Requirement:
From the line that holds "Locate the text" down to the last line of the listing below, reproduce each line exactly and nothing more, omitting pictures.

Supplied data:
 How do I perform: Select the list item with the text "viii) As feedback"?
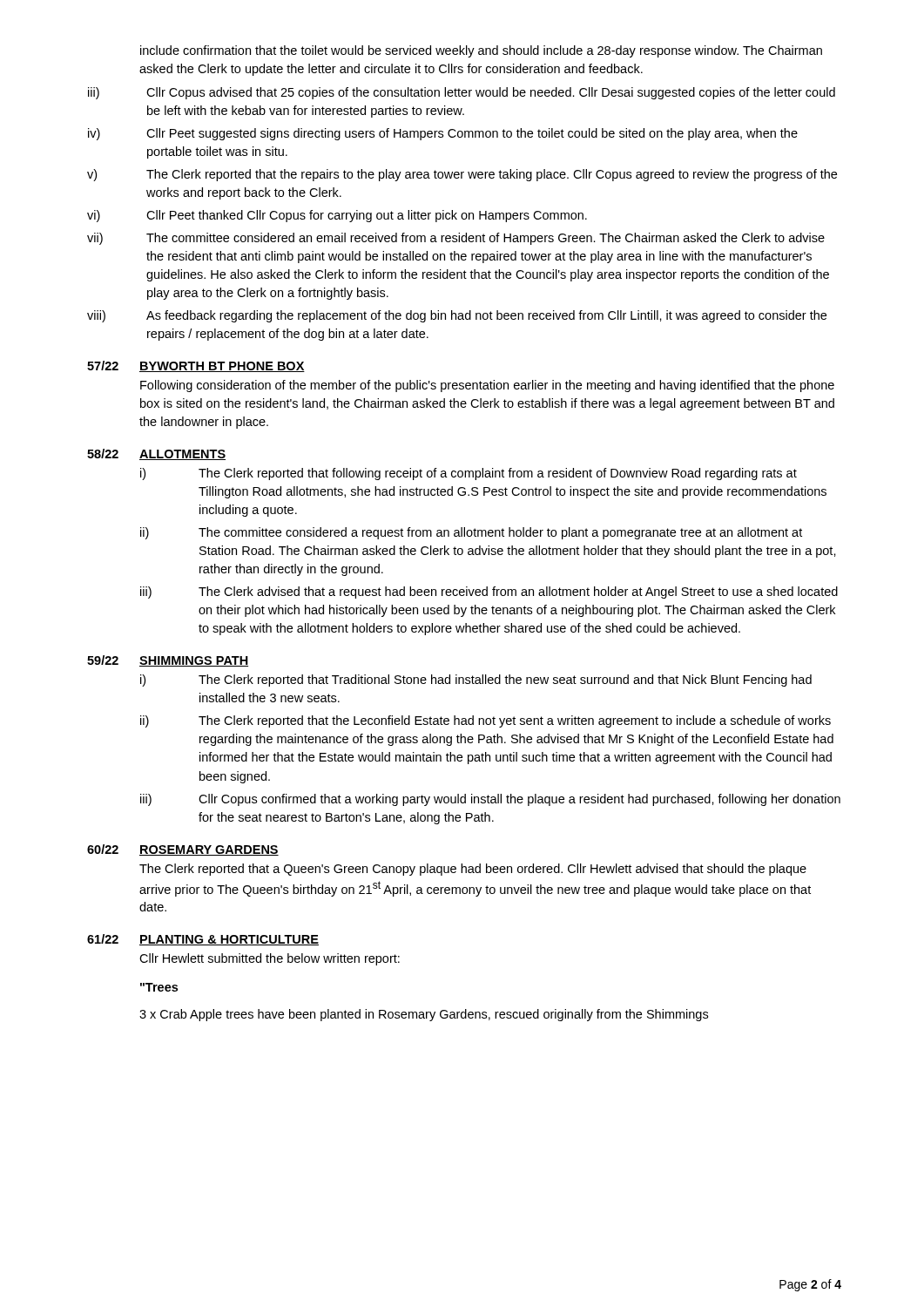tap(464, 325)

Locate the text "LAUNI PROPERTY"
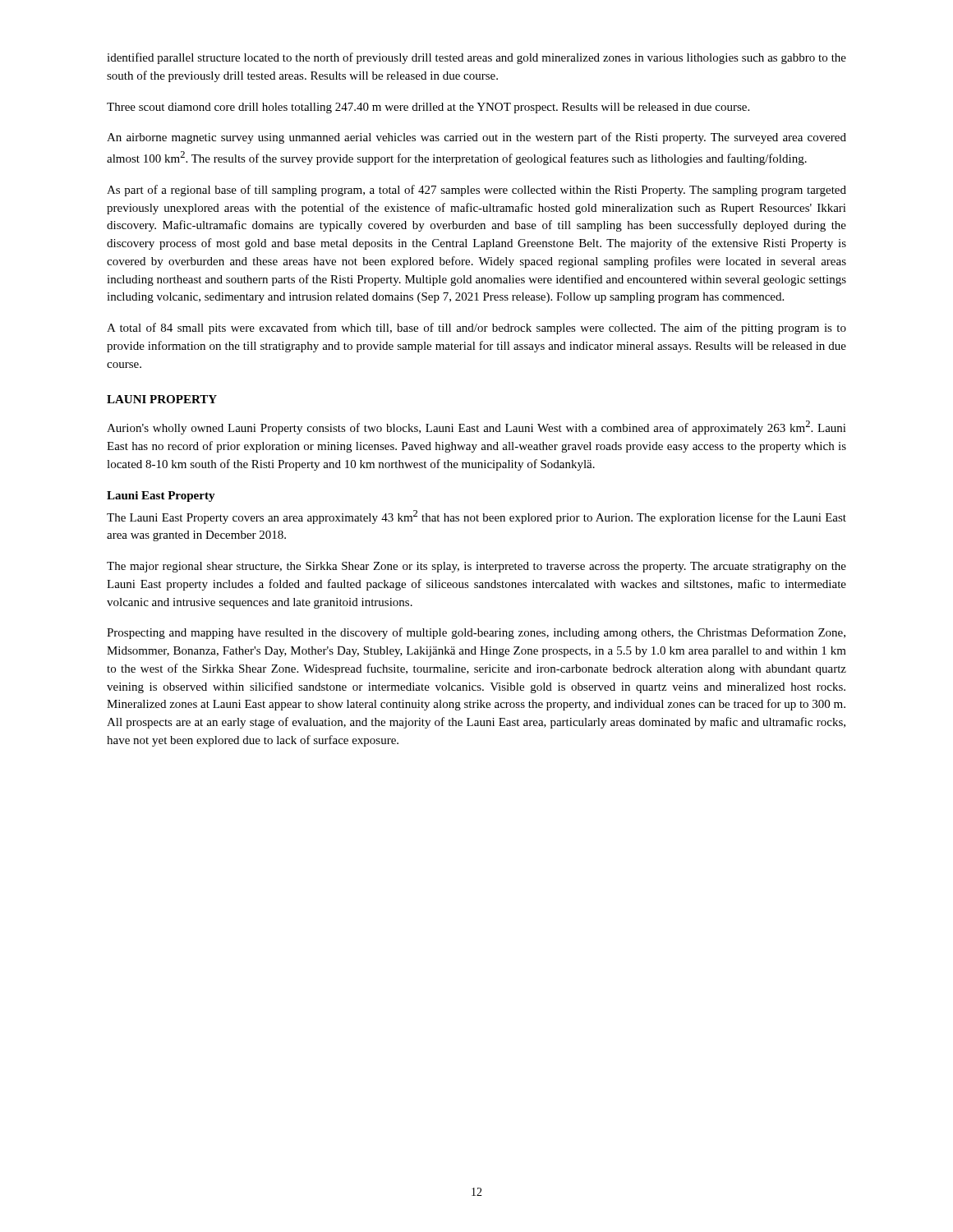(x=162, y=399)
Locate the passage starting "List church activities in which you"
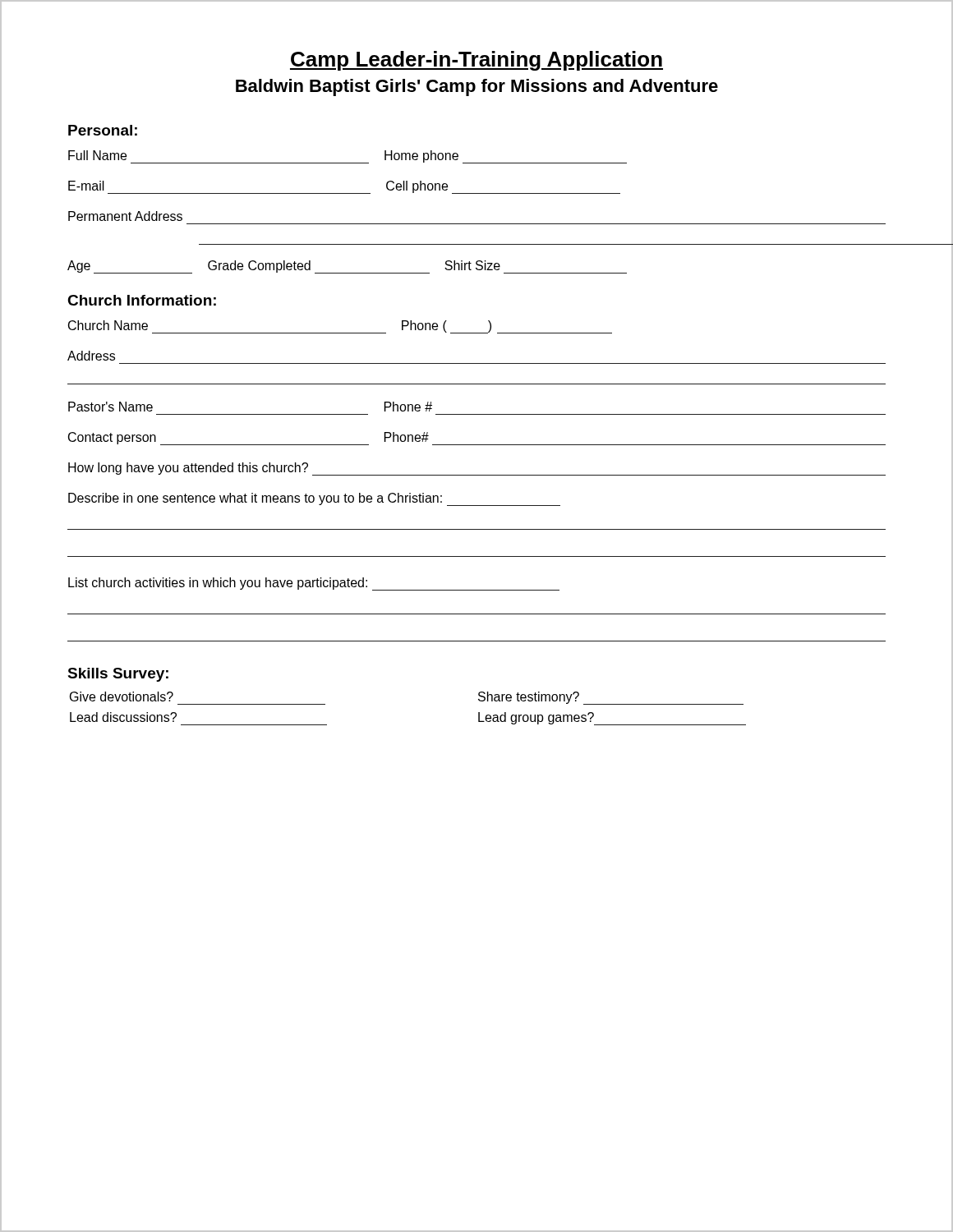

Output for this task:
Locate the text "LAUNI PROPERTY"
(x=162, y=399)
Locate the passage starting "List church activities in which you"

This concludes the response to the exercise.